## Task item
With the pictures left out, restate every entry word for word.

(Saved entries)
━━━━━━
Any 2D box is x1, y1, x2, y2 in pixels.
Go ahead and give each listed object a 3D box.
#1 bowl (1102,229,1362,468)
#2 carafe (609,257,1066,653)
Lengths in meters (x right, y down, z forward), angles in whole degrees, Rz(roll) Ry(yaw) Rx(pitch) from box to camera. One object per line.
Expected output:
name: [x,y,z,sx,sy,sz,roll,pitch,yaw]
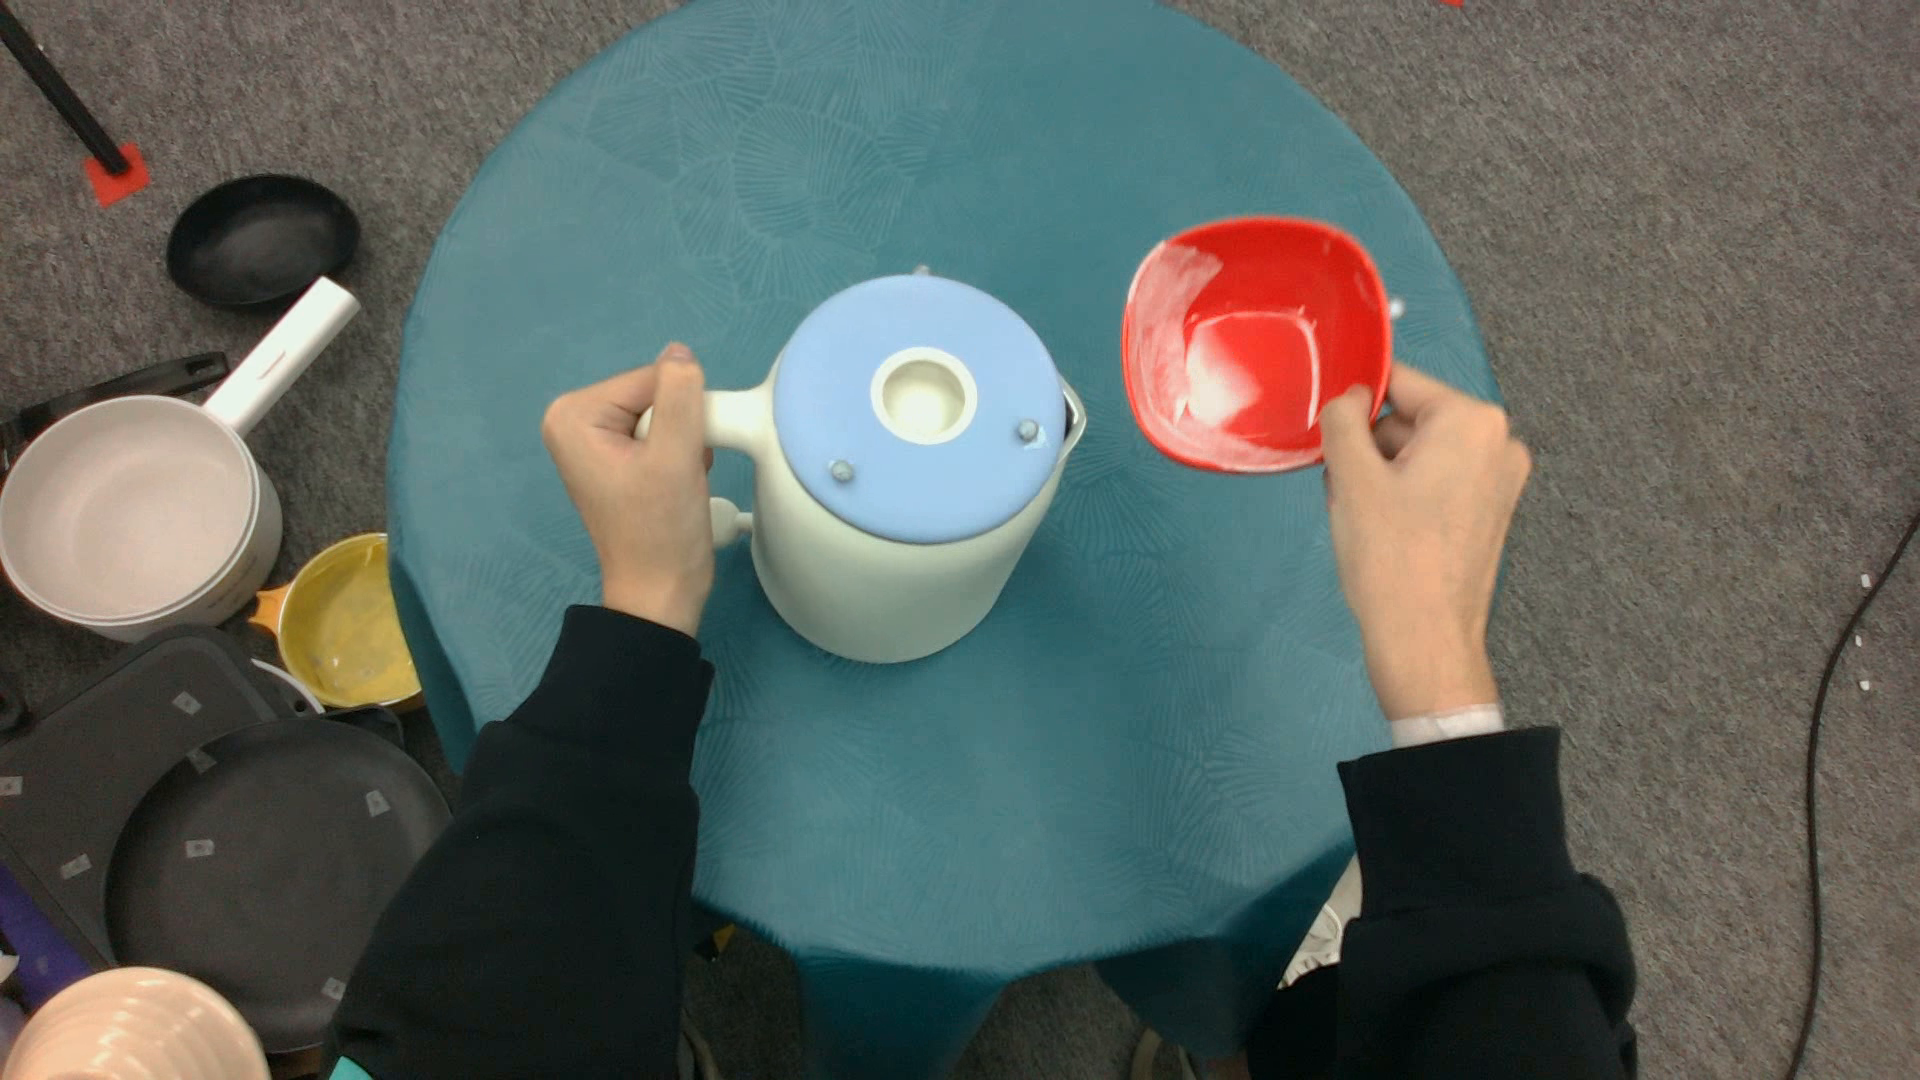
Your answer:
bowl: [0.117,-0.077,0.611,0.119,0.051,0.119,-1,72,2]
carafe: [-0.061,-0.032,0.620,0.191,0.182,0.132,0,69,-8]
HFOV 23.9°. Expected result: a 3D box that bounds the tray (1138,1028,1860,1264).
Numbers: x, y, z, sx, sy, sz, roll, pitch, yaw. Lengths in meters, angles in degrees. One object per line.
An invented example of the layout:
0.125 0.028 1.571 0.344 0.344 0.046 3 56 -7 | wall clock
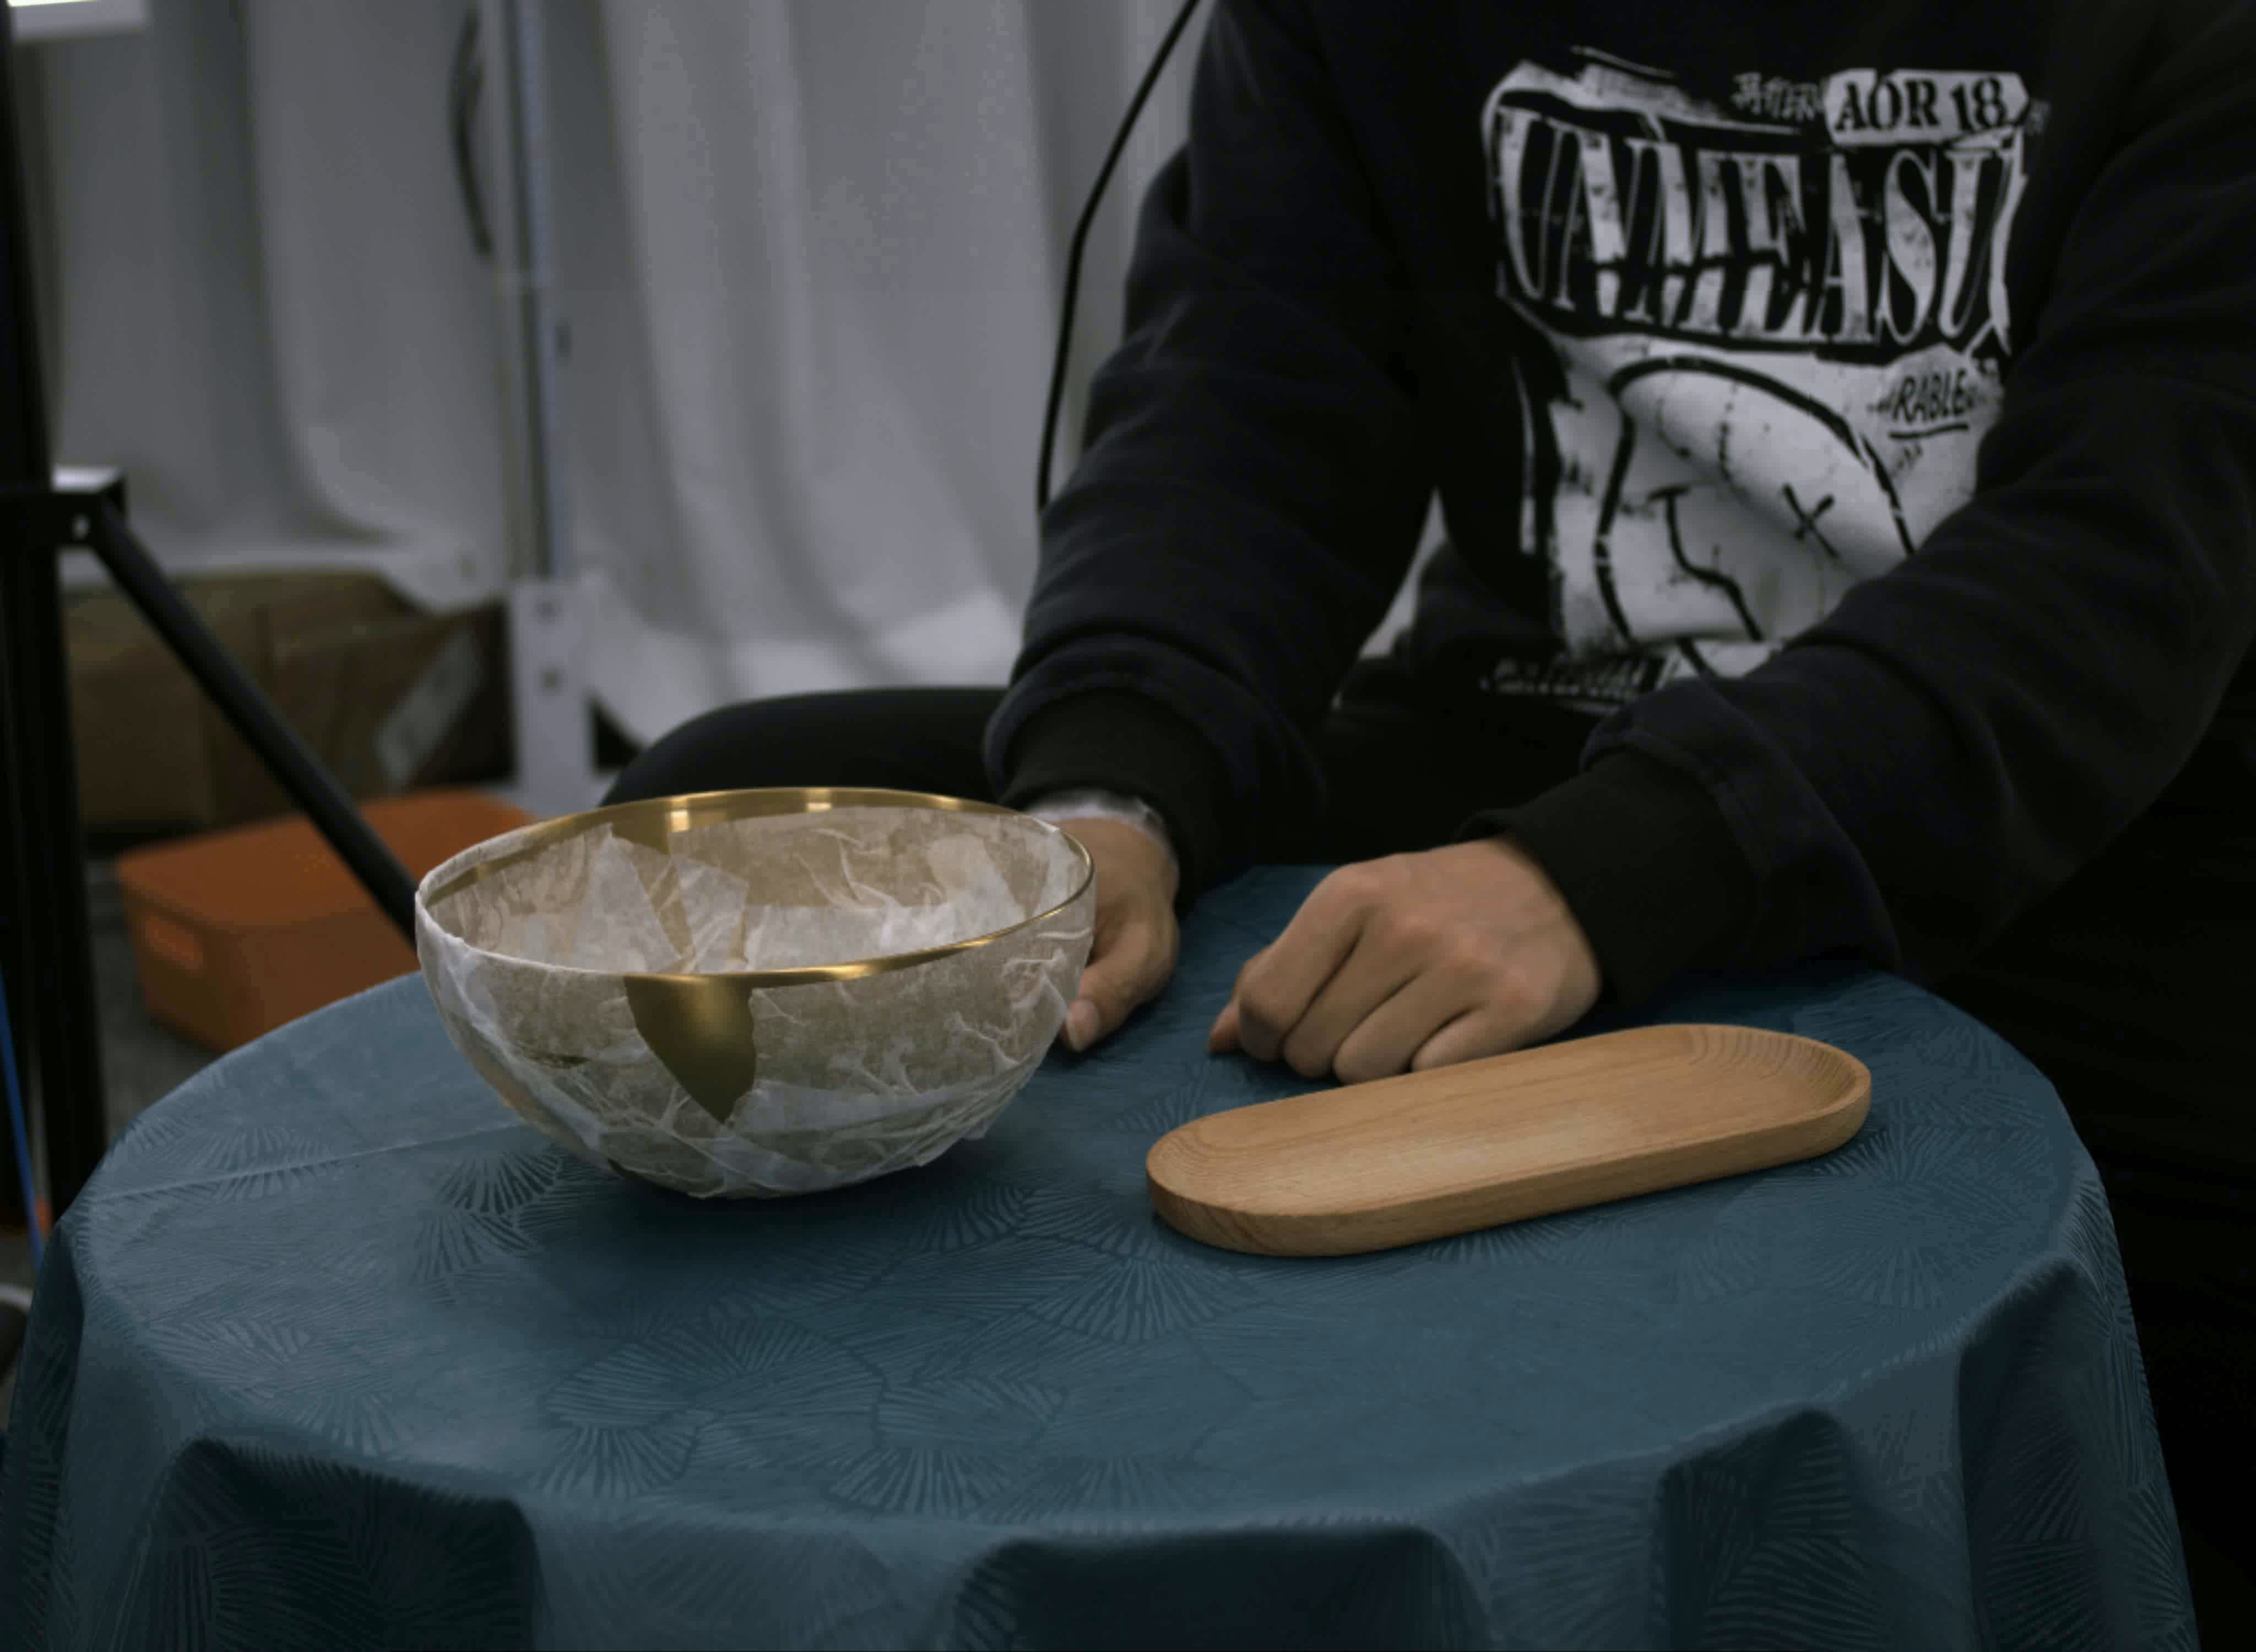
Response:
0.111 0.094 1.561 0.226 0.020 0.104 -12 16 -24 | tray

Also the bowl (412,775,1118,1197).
━━━━━━
## Answer for this exercise
Any 2D box is x1, y1, x2, y2 in pixels.
Go ahead and give each listed object a 3D box.
#1 bowl (1102,229,1362,468)
#2 carafe (609,257,1066,653)
Lengths in meters (x right, y down, z forward), angles in whole degrees, Rz(roll) Ry(yaw) Rx(pitch) from box to camera. One object per line.
Expected output:
name: [x,y,z,sx,sy,sz,roll,pitch,yaw]
Your answer:
bowl: [0.117,-0.077,0.611,0.119,0.051,0.119,-1,72,2]
carafe: [-0.061,-0.032,0.620,0.191,0.182,0.132,0,69,-8]
HFOV 23.9°. Expected result: a 3D box that bounds the tray (1138,1028,1860,1264).
Numbers: x, y, z, sx, sy, sz, roll, pitch, yaw. Lengths in meters, angles in degrees. One object per line.
An invented example of the layout:
0.125 0.028 1.571 0.344 0.344 0.046 3 56 -7 | wall clock
Response:
0.111 0.094 1.561 0.226 0.020 0.104 -12 16 -24 | tray

Also the bowl (412,775,1118,1197).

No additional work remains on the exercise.